Le modèle « workaholic » hérité des générations précédentes ? Très peu pour la génération Z. L’idée de sacrifier sa vie personnelle sur l’autel de la carrière est massivement rejetée. Les attentes de la génération Z au travail sont claires : équilibre vie pro/perso, management bienveillant, reconnaissance qui va au-delà du salaire.

La flexibilité, condition non négociable

Selon une étude Deloitte, 75 % des jeunes de cette génération considèrent la flexibilité du lieu de travail comme un critère décisif dans leur choix d’employeur. Télétravail, horaires aménagés, autonomie dans l’organisation : ce ne sont plus des avantages. Ce sont des attendus. Une entreprise qui n’offre pas cette souplesse perd des candidats avant même l’entretien.
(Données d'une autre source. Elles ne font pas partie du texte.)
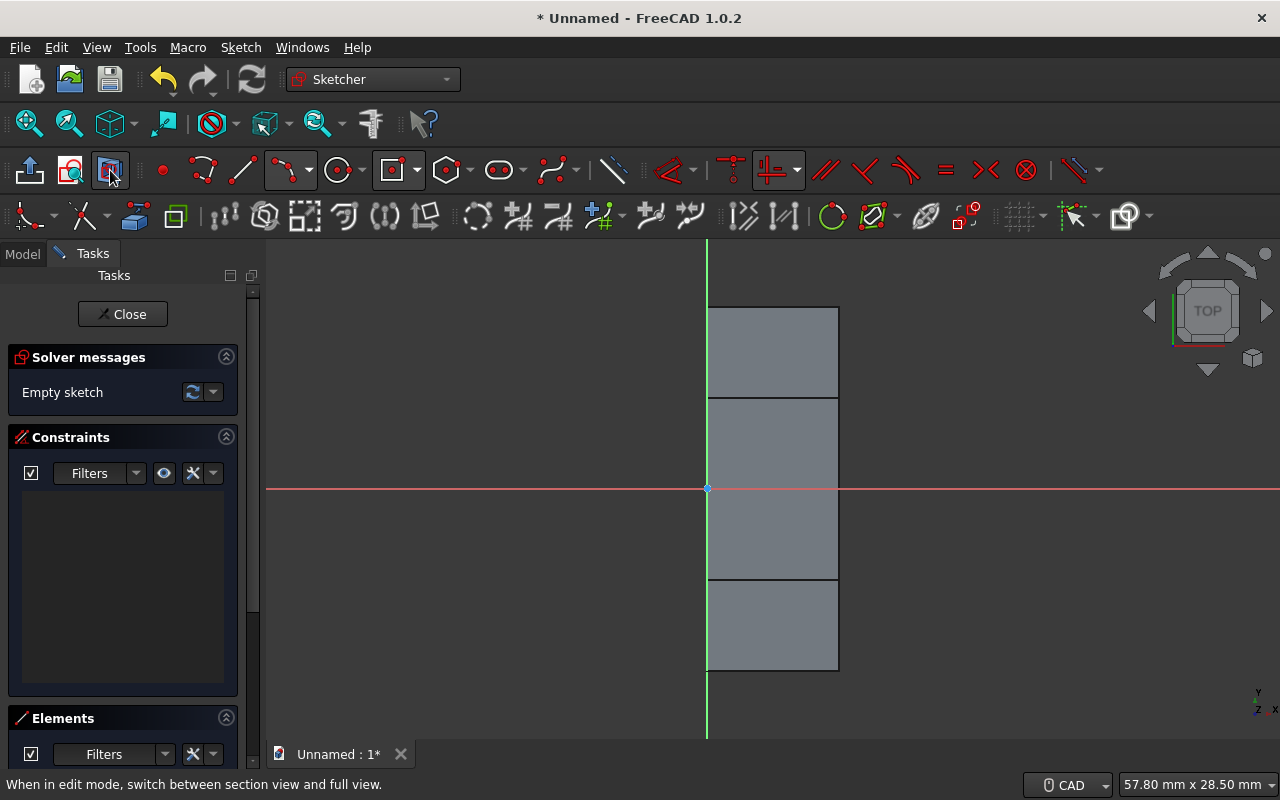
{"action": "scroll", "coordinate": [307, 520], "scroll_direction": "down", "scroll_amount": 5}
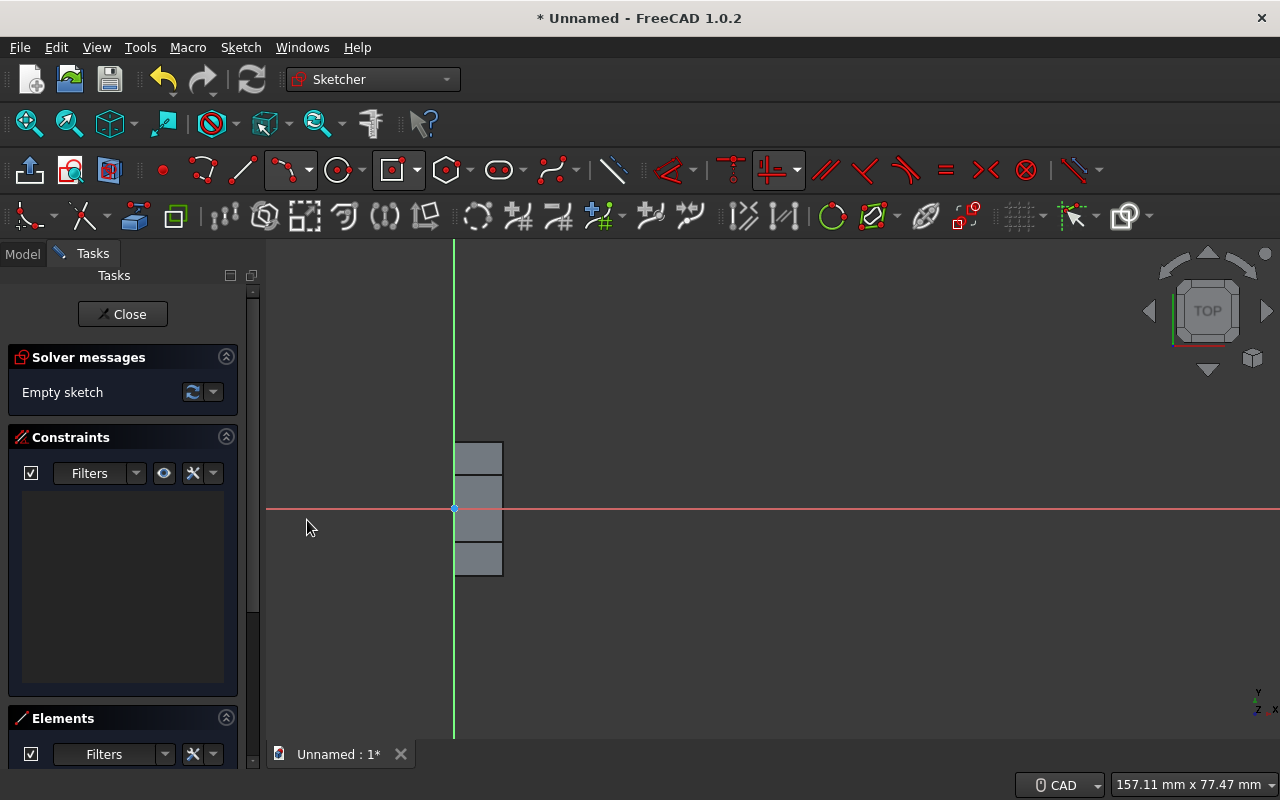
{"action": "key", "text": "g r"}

La transparence, une exigence de fond

La génération Z n’est pas dupe des discours corporate lisses. Elle attend que les RH et les dirigeants parlent ouvertement de stress, de charge mentale, de burn-out. Non pas pour s’apitoyer, mais pour montrer que l’entreprise voit la réalité en face. Cette authenticité est perçue comme un gage de confiance, bien plus que n’importe quelle politique bien-être affichée en couleurs sur l’intranet.

Vers une nouvelle culture de bien-être mental au travail ?

Un changement de fond est en cours. La santé mentale ne peut plus être traitée comme un bénéfice secondaire ou une ligne dans le rapport RSE. Elle s’impose progressivement comme un enjeu central, directement lié à l’engagement, à la performance et à la fidélisation des équipes. Dans ce contexte, les entreprises sont amenées à repenser leurs pratiques et leur organisation pour intégrer durablement le bien-être psychologique au cœur du travail.

Des managers appelés à changer de posture

L’enjeu pour les encadrants est de taille. Passer du contrôle à l’accompagnement, c’est tout un modèle à repenser. Écouter, détecter les signaux faibles, créer des espaces de parole : ces compétences deviennent aussi importantes que les compétences techniques.

Une responsabilité collective

Les entreprises ne peuvent pas porter seules ce changement. Écoles, institutions, politiques publiques de santé : l’ensemble de la société est concerné. Mais les organisations ont un rôle de levier évident, par leur capacité à agir concrètement sur le quotidien de leurs équipes.